Assignments and Grading

Grades will be based on a 100-point scale, derived as the total number of points gained from quizzes (for a maximum of 60 points), a project assignment (20 points maximum), and the final examination score (20 points maximum). A **rough** translation into letter grades is: >=95, A+; >=90, A; >=85, A-; >=80, B+; >=75, B; >=70, B-; and so forth.
Quizzes will be given at the end of each of the 6 basic course modules and will be administered via Canvas. The quizzes will be given either in class or as a homework assignment (to be announced for each quiz as the class schedule develops). Each quiz will count a maximum of 15 points towards your course total. However, we will only count the best 4 scores from the 6 quizzes. Thus, your total quiz score will be at most 60 points. This arrangement allows students to miss 2 of the 6 quizzes for any reason. Other accommodations for absences will only be made in exceptional circumstances.
A project assignment will be posted in the week before Thanksgiving Break and will be due before Reflection Week. The assignment is meant to give you an opportunity to develop a small project that will tie together concepts and tools learned in the class.

Text book

The class is based on a draft textbook "Fundamental Models and Algorithms in Bioinformatics", V. Brendel (Indiana University) & K. Dorman (Iowa State University).
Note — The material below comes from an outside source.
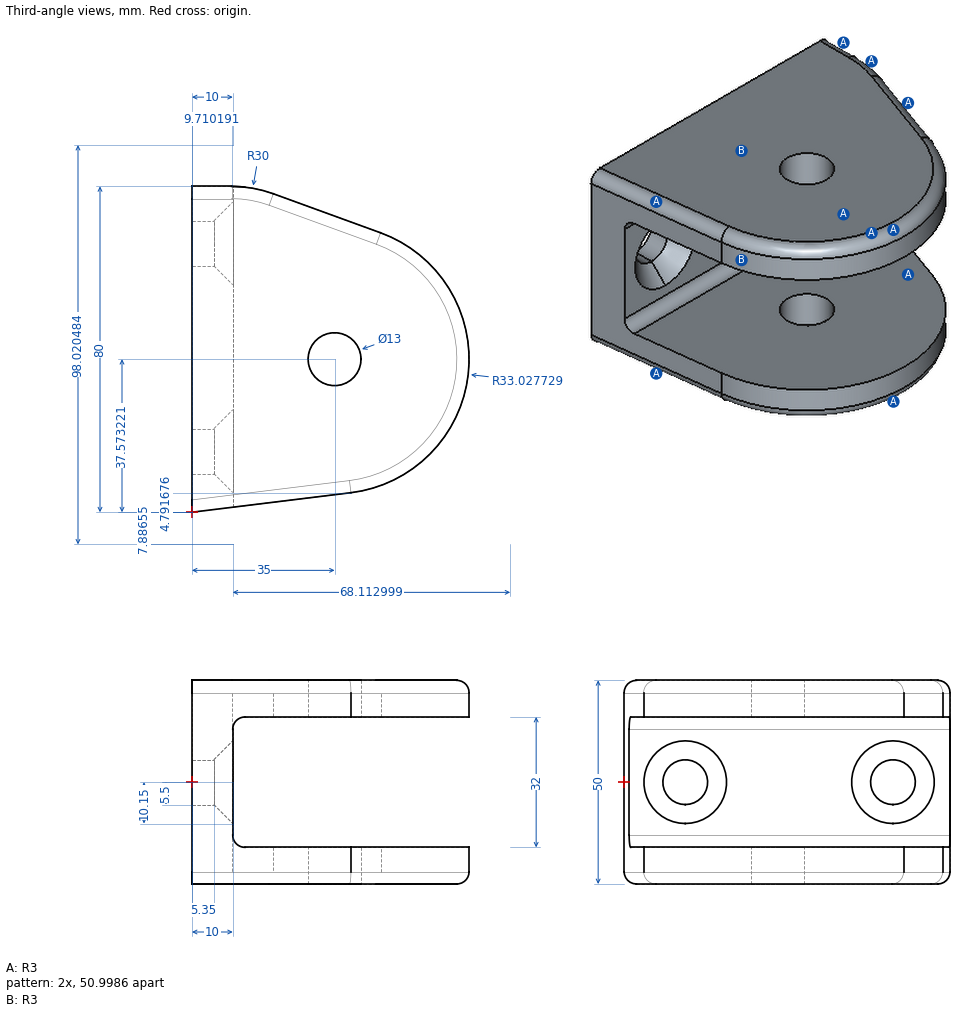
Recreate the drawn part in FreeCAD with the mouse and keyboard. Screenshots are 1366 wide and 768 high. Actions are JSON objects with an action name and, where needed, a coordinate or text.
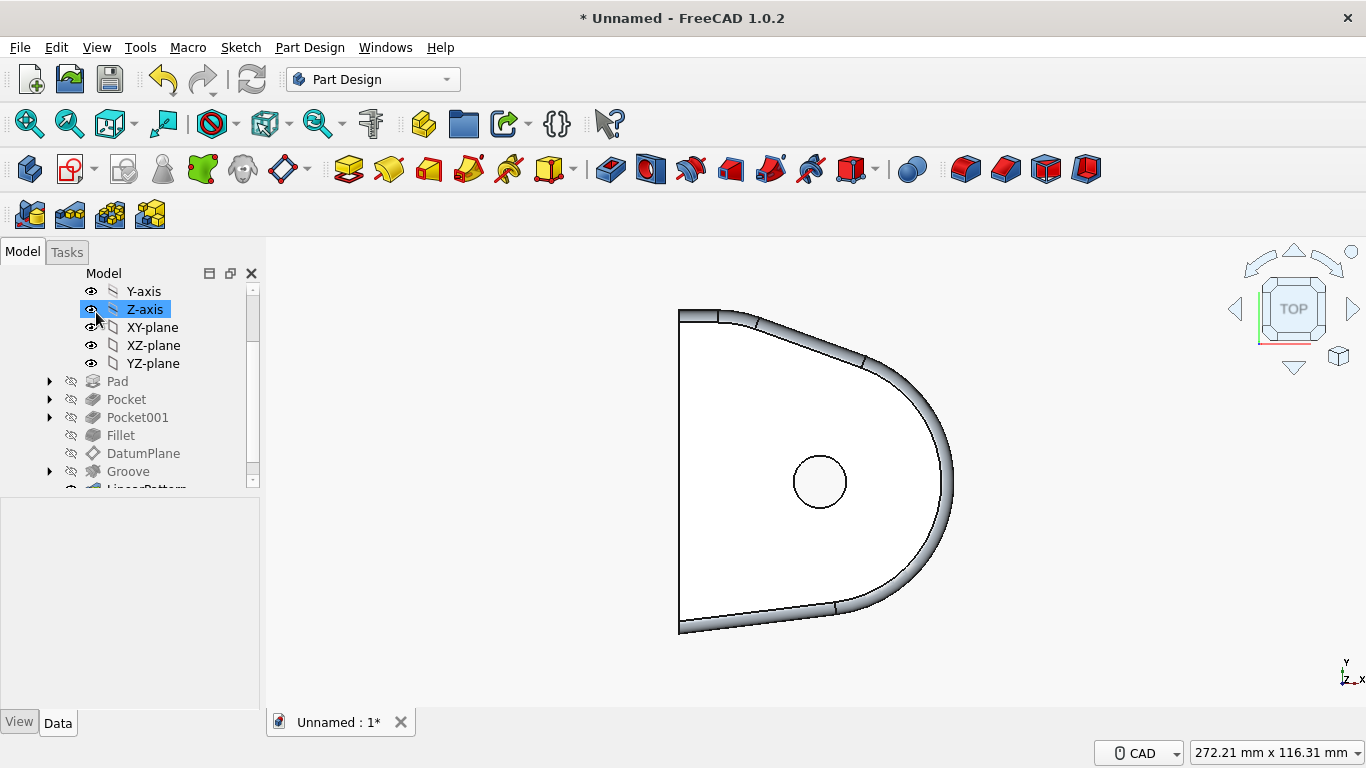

Excerpts of the draft will be made available to the students as PDFs. We will make use of engaging, beautifully produced videos accompanying "Bioinformatics Algorithms - An Active Learning Approach" (Active Learning Publishers LLC) by Phillip Compeau & Pavel Pevzner. Other materials will be posted on the course web pages or our Canvas site. Students wishing to explore the biological background of class topics will find "Genomics and Personalized Medicine - What Everyone Needs to Know" (Oxford University Press) by Michael Snyder a concise, stimulating guide. For practical bioinformatics skills we strongly recommend "Bioinformatics Data Skills" by Vince Buffalo (O'Reilly); topics and examples from this book will be explored in the Computer Laboratory part of the course.